Remote access is enabled by default in the current Starter Kit, and it is recommended that you keep it that way at least as long as you're troubleshooting your deployments and learning about Windows Azure. There may be circumstances when you wish to disable it though. To do that, remove all the XML elements from ServiceConfiguration.cscfg, ServiceDefinition.csdef and package.xml that mention RemoteAccess and RemoteForwarder in their attributes. More specifically:

• ServiceConfiguration.cscfg: remove all the <Setting> elements that mention RemoteAccess and RemoteForwarder in the name attribute.

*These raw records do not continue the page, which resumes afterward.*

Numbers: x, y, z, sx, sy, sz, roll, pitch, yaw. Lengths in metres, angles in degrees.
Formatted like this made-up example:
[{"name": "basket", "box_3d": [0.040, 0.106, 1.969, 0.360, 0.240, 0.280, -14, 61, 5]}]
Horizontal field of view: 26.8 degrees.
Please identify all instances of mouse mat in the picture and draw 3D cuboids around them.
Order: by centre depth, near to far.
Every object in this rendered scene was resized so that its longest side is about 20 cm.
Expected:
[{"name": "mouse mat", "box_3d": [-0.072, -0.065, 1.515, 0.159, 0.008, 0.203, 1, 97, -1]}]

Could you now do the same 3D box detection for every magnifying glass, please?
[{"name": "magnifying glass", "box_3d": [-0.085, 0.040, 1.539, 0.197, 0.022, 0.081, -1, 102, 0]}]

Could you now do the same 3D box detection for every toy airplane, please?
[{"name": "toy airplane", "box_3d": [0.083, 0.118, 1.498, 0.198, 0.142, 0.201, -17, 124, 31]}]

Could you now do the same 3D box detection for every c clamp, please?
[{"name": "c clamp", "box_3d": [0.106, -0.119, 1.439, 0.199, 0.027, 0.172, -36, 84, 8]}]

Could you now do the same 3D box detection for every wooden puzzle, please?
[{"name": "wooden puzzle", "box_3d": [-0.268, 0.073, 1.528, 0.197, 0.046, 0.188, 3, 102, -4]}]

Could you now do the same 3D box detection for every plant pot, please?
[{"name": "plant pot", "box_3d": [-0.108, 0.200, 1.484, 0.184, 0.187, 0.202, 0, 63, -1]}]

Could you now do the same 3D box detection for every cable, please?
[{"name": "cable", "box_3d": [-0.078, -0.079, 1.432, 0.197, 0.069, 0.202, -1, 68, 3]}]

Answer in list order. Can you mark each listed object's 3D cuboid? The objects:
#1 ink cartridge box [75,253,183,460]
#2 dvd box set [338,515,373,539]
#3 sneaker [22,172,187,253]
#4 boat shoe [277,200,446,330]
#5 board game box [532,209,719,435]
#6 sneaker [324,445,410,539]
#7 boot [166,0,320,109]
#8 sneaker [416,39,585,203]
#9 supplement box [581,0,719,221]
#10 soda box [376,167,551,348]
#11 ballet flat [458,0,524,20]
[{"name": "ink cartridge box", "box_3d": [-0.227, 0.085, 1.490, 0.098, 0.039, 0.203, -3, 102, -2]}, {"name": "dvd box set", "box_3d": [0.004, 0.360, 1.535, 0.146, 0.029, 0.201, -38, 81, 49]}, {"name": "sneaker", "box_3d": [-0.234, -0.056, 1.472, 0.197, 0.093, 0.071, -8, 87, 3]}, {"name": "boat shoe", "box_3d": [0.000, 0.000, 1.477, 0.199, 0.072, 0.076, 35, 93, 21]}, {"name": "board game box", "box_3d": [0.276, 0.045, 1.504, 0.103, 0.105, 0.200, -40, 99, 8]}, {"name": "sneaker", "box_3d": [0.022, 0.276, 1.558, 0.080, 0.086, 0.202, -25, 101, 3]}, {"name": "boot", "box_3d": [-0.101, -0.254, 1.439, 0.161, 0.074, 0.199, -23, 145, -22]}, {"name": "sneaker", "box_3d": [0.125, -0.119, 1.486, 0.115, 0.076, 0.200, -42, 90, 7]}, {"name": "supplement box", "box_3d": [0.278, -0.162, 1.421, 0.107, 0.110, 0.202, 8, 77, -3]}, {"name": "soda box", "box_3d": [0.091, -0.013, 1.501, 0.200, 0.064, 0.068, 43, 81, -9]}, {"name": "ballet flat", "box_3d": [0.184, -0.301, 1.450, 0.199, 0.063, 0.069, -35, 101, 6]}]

• ServiceConfiguration.cscfg: remove the <Certificate> element that mentions RemoteAccess in the name attribute
• ServiceDefinition.csdef: remove the <Import> elements that mention RemoteAccess and RemoteForwarder in the name attribute
• package.xml: remove the <property> element that has its name attribute set to "project.enableremoteaccess"

To re-enable remote access later, you will need to recreate this removed XML markup.